Over the last 12 months we have helped over 1000 clients find the right mortgage to meet their needs.
A mortgage is a loan that you take out to buy property, this is in effect a loan and the loan is secured against the value of your property until the loan is repaid. Most mortgages will run for 25 years but the term can be shorter or longer dependent on your circumstances. If you are unable to keep up with your repayments the lender can repossess your property so it is essential that you keep up your repayments.

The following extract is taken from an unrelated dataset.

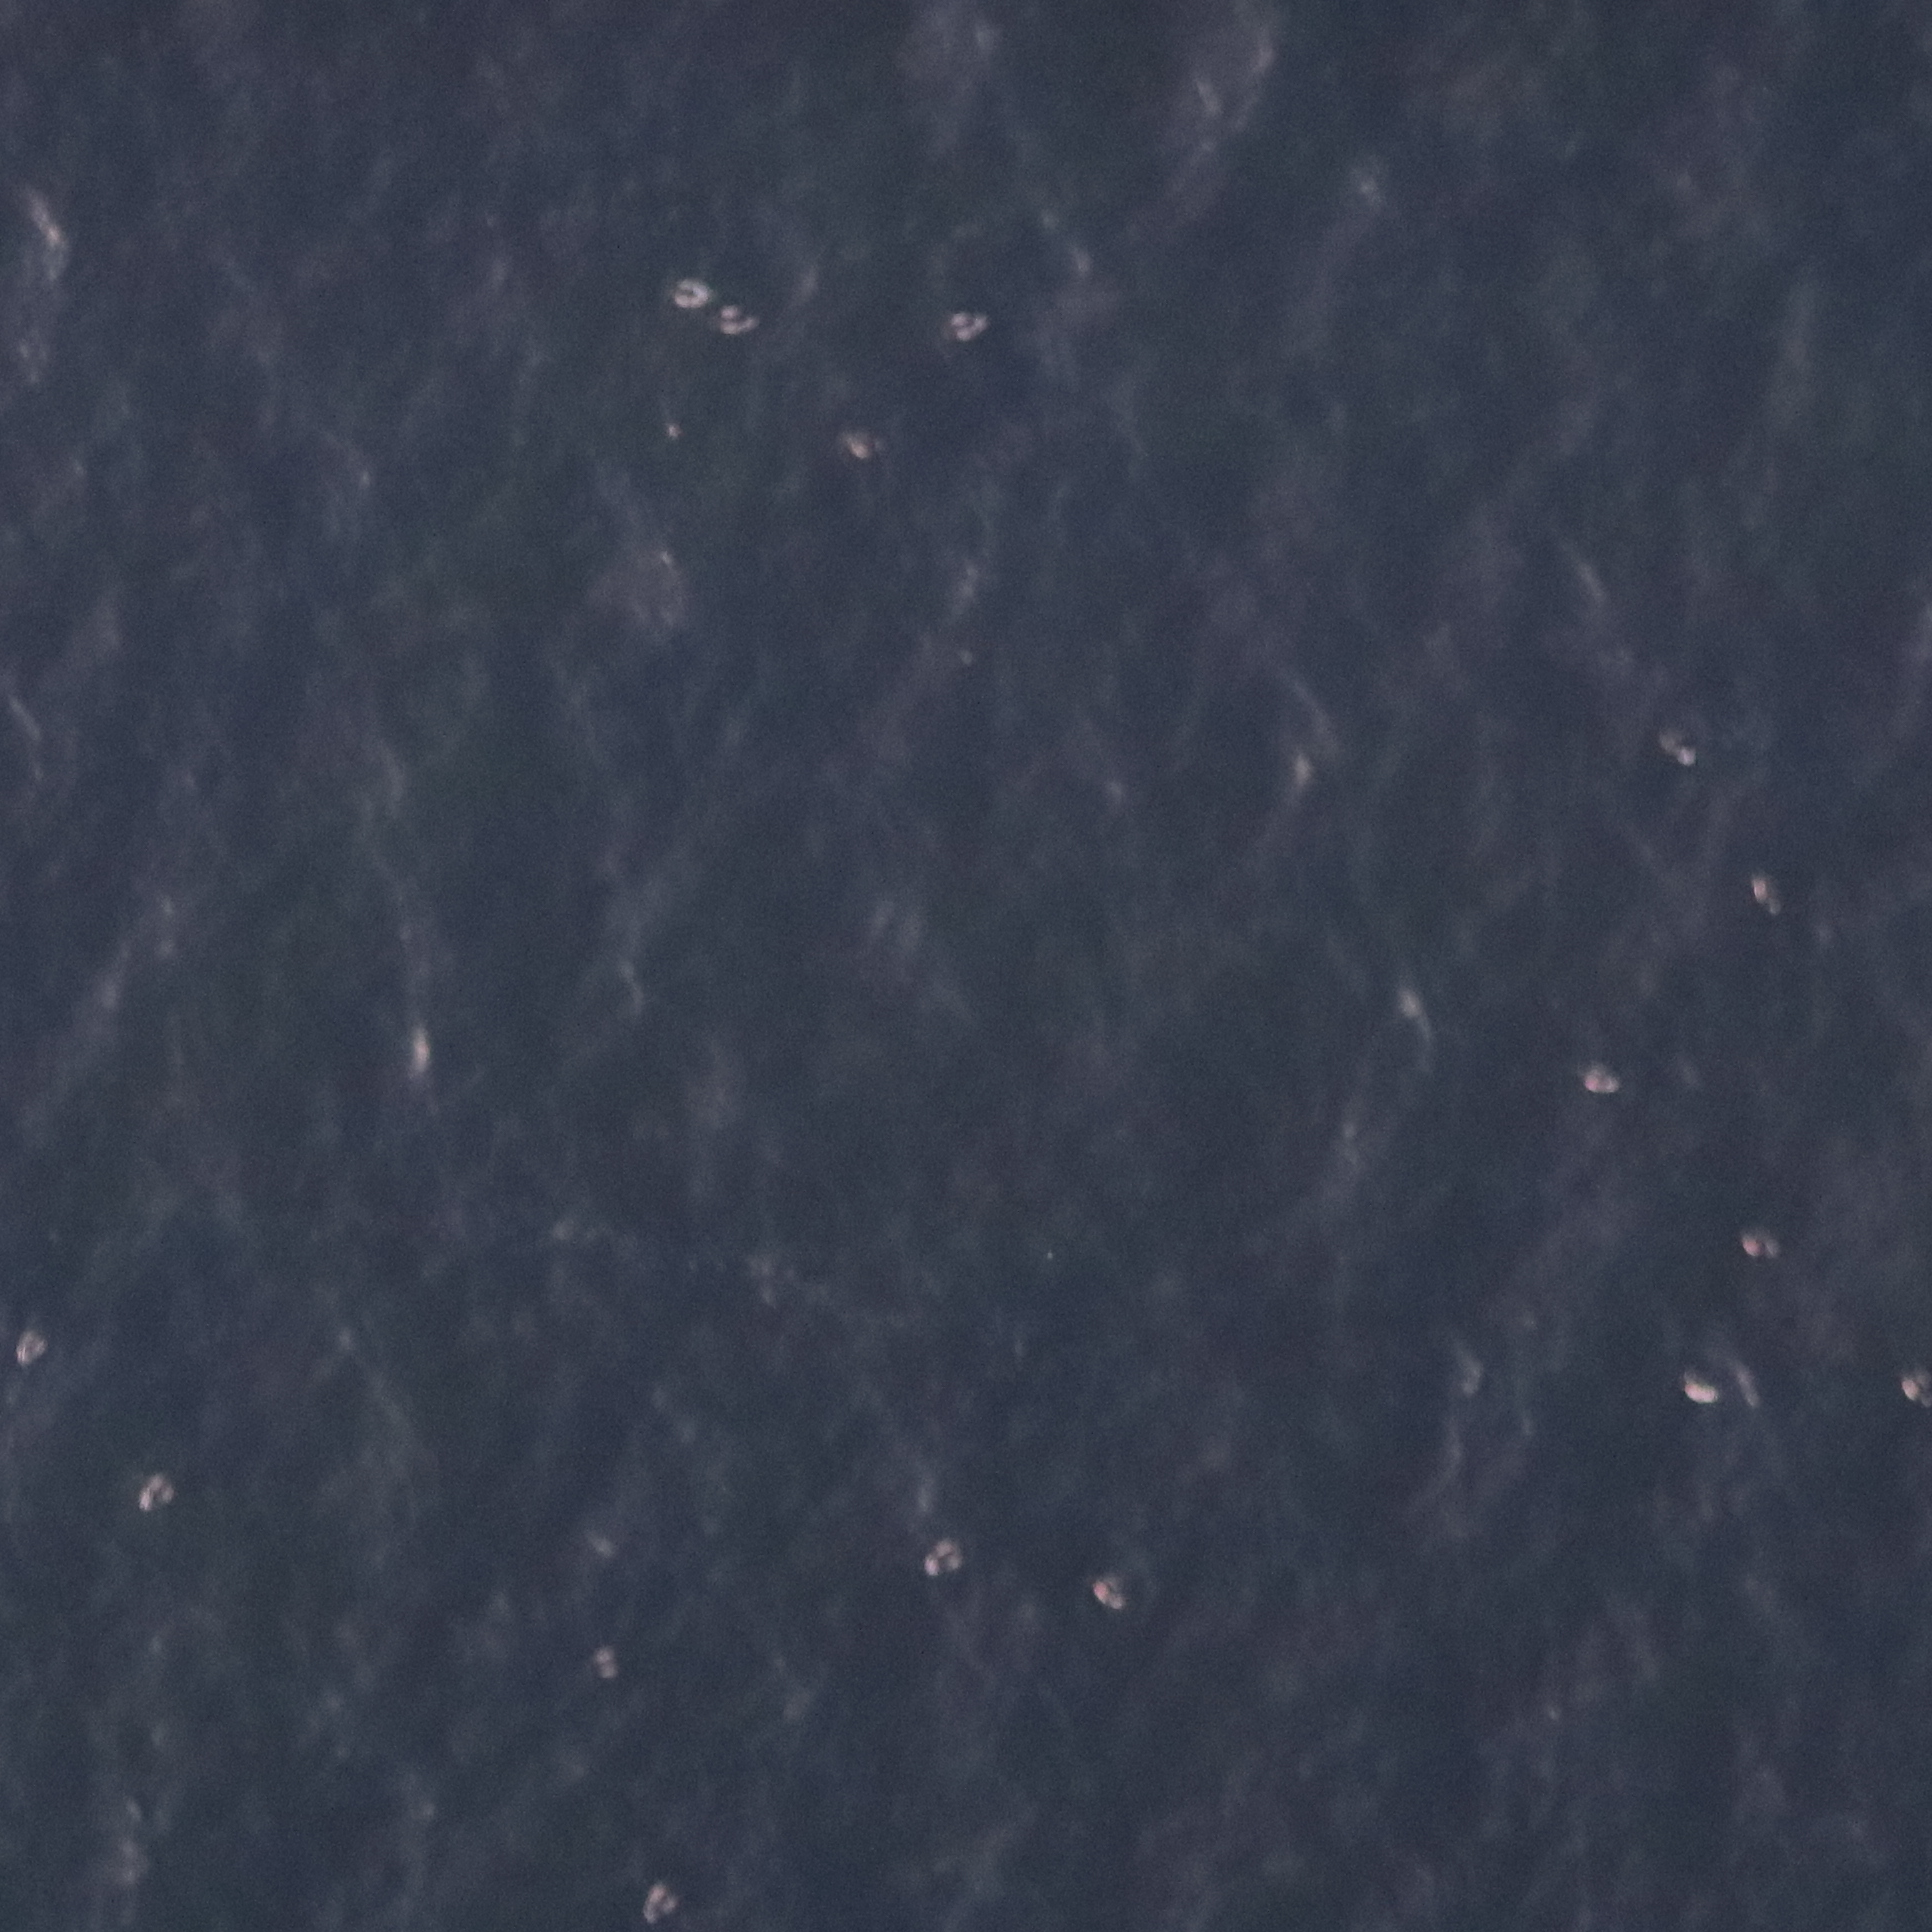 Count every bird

16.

Once you have found the property you wish to buy or have a remortgage on, our mortgage brokers will help you find the right mortgage for you and the best possible rate based on your circumstances. They will help you through the mortgage application from start to finish explaining to you each step along the way. Once you have found the right mortgage and your application has been accepted the lender will provide you with your loan to buy or remortgage your property. The money you borrow is called the capital and the lender then charges you interest on it until it is repaid. You will repay this loan via monthly payments which are referred to as mortgage payments. The type of mortgage you are able to apply for will depend on whether you want to repay interest only or interest and capital.
Our mortgage brokers will be able to assist you with working out what you can afford to borrow and mortgage lenders will want to see proof that you can afford the monthly payments on your new mortgage. We will use our mortgage calculators to analyse your income against your outgoings and the deposit you have available to you to determine the size of mortgage you can afford.
When purchasing a property you will need to pay a deposit and this is offset against the cost of the property that you are buying. What is important to remember is that the more deposit you have, the lower your interest rate could potentially be. When talking about mortgages you may have heard the term “Loan to Value” or LTV, this refers to the amount of your home that you own outright (based on the deposit amount you put down) compared to the amount that is secured against the property with your mortgage.
For example, with a £10,000 deposit on a £100,000 property your deposit is 10% of the value of the property and therefore your LTV is the remaining 90%. So your LTV is 90%.
THINK CAREFULLY BEFORE SECURING DEBTS AGAINST YOUR HOME, YOUR HOME MAY BE REPOSSESSED IF YOU DO NOT KEEP UP REPAYMENTS ON A MORTGAGE OR ANY OTHER DEBT SECURED ON IT.